Siddaramaiah’s way out?
As the shortage of coal is affecting the operation capability of thermal plants, the state is mulling the import coal from other countries. Sources in KPCL told Mirror that there is no rule, either by the state or Centre, that forbids the state from importing coal from other countries. “The Centre, while stressing supply of coal only through Coal India Limited (CIL), has virtually halted import of coal. But it has not prevented any state from importing coal. But almost all states are fearful of importing coal, citing adverse action by the Centre against the state in terms of allocation of funds,” revealed an official.

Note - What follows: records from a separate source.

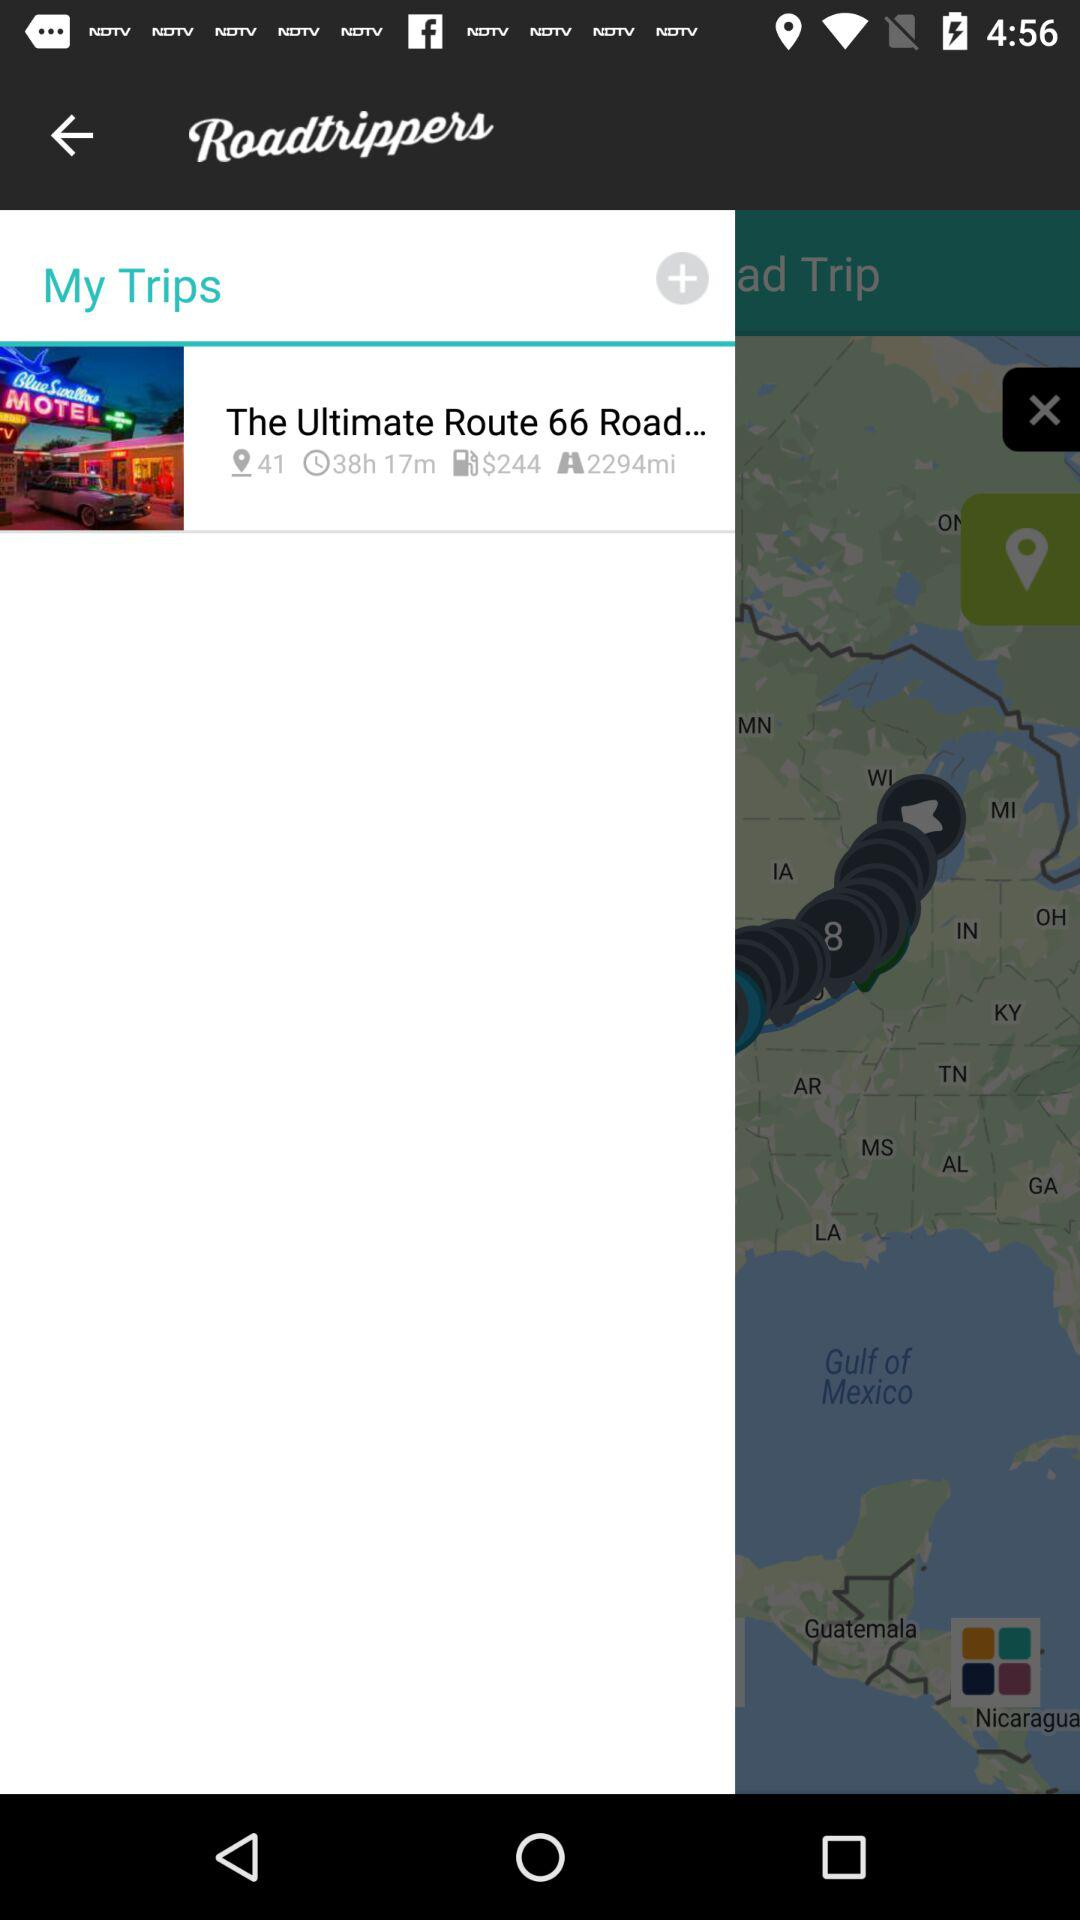What is the cost of the fuel on "The Ultimate Route 66 Road..."? The cost of the fuel is $244. 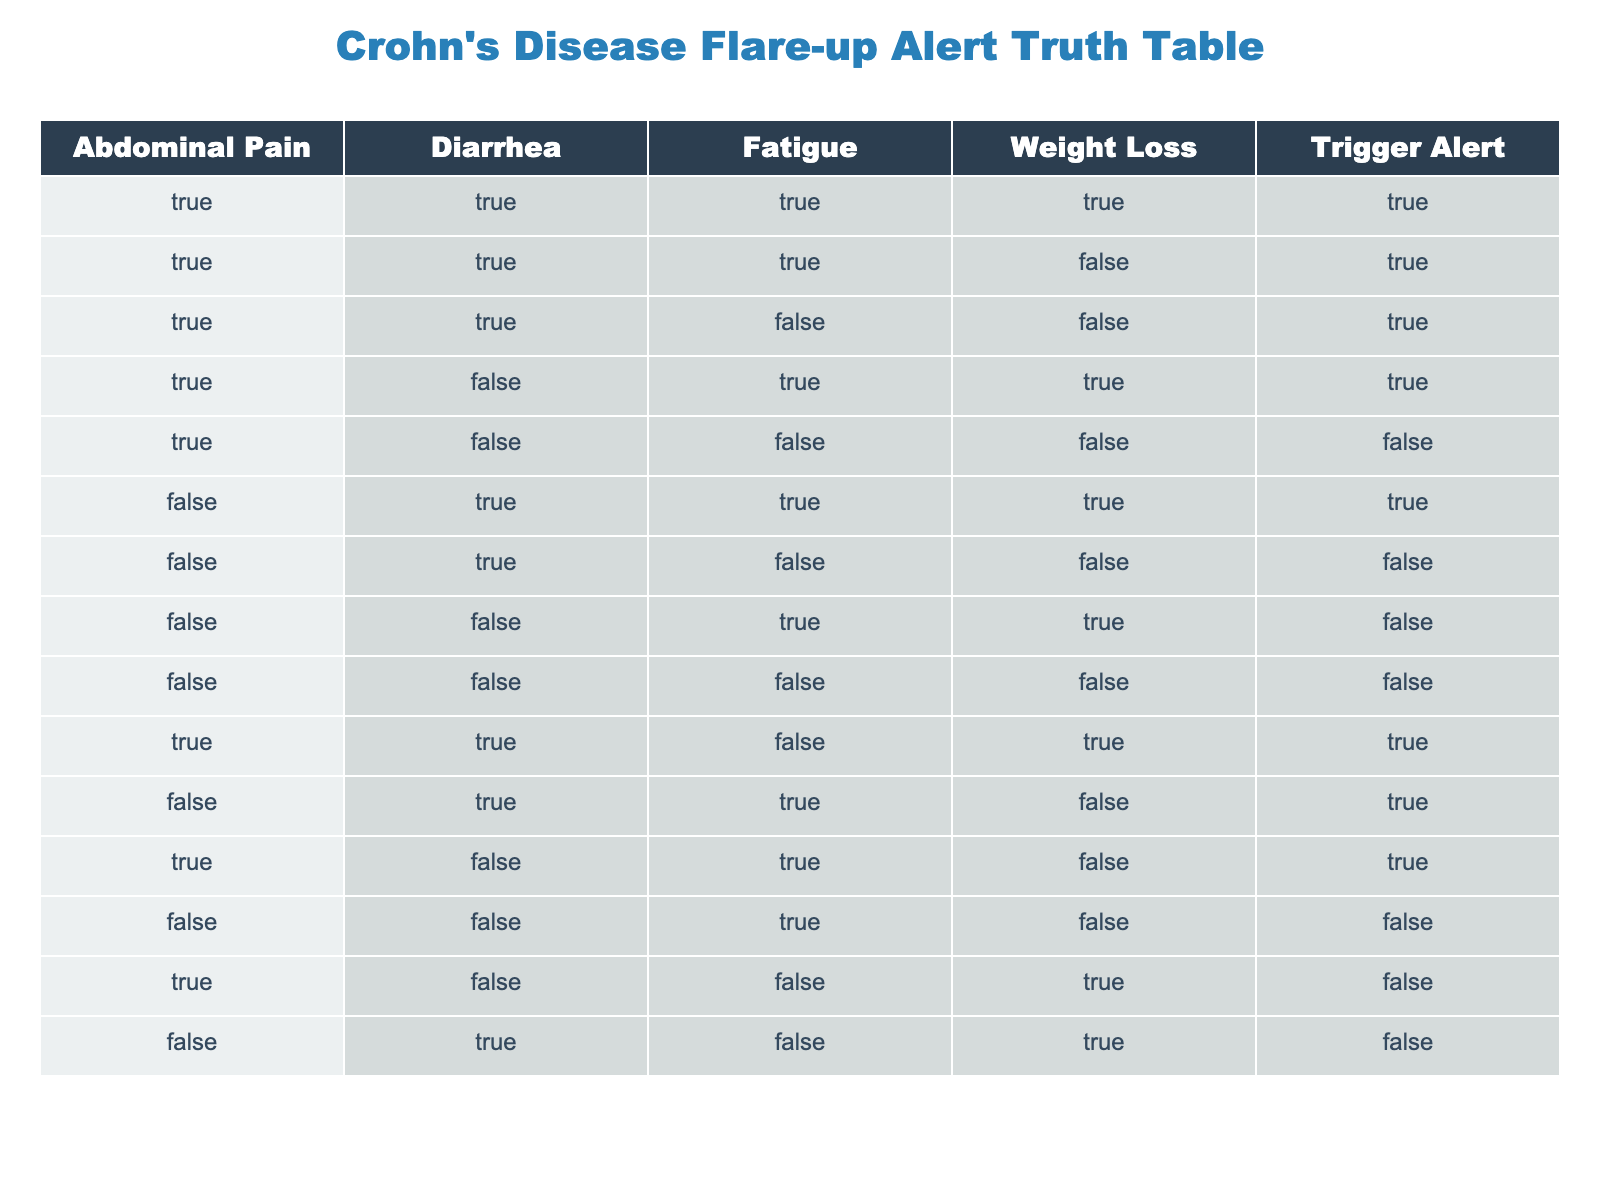What is the total number of entries that trigger an alert? By reviewing the 'Trigger Alert' column in the table, we can count the number of rows where the value is True. There are 8 rows with a True value in the 'Trigger Alert' column.
Answer: 8 How many conditions are associated with a True alert when there is no weight loss? We look for rows where 'Weight Loss' is False and 'Trigger Alert' is True. There are 4 such rows: the first, second, and tenth, so the total count is 3.
Answer: 3 Is abdominal pain alone enough to trigger an alert? We find rows where 'Abdominal Pain' is True, and their corresponding 'Trigger Alert' values. The rows with True abdominal pain show that even without other symptoms, it can trigger alerts. Specifically, there are 6 instances where 'Trigger Alert' is True, even if other symptoms are varied.
Answer: Yes What is the relationship between fatigue and alert triggers? To determine this, we can check how many alerts are triggered with Fatigue True and how many columns show it. We see 5 triggering alerts that have Fatigue as True, but not all instances lead to an alert. However, with other symptoms, Fatigue correlates with several alerts.
Answer: Mostly positive How many combinations lead to an alert without any abdominal pain? We have to check all rows where 'Abdominal Pain' is False and see how many instances show 'Trigger Alert' as True. Upon reviewing, there are 3 such entries that satisfy this condition.
Answer: 3 Is it possible to have fatigue and a trigger alert without diarrhea? We look at rows where 'Fatigue' is True and 'Diarrhea' is False, then check 'Trigger Alert'. The rows would show that fatigue does not guarantee a trigger without diarrhea due to one specific row negating it.
Answer: No Which condition combination provides the highest likelihood of an alarm? We analyze all entries marked with True under 'Trigger Alert', and by aggregation, we find that 'Abdominal Pain', 'Diarrhea', and 'Fatigue' together provide the highest frequency of alarms at 4 instances.
Answer: Abdominal Pain, Diarrhea, Fatigue How many alerts are triggered if only weight loss and fatigue conditions are satisfied? By checking the table's entries where both 'Weight Loss' and 'Fatigue' are True, we can see that only 2 rows satisfy this condition, both of which trigger an alert simultaneously.
Answer: 2

The only state to defy that notion was West Bengal after its Chief Minister Mamata Banerjee decided to import a 2 lakh tonnes of coal from abroad during the Durga Puja celebrations to meet the demand. Now posed with the similar threat and inevitability to safeguard the government’s reputation and the financial position of state generators, Karnataka has also decided to import coal. Even though the import may be costlier by a few rupees, it would be practical for the state to generate its own power rather than spend on buying.
Energy minister DK Shivakumar said: “The CM has already approved our proposals and tenders have been called to import coal from abroad. About 10 lakh tonnes of coal will be imported from abroad, considering the alarming situation in which our thermal plants are functioning.Last month, BJP state president BS Yeddyurappa alleged that CM Siddaramaiah and Energy minister.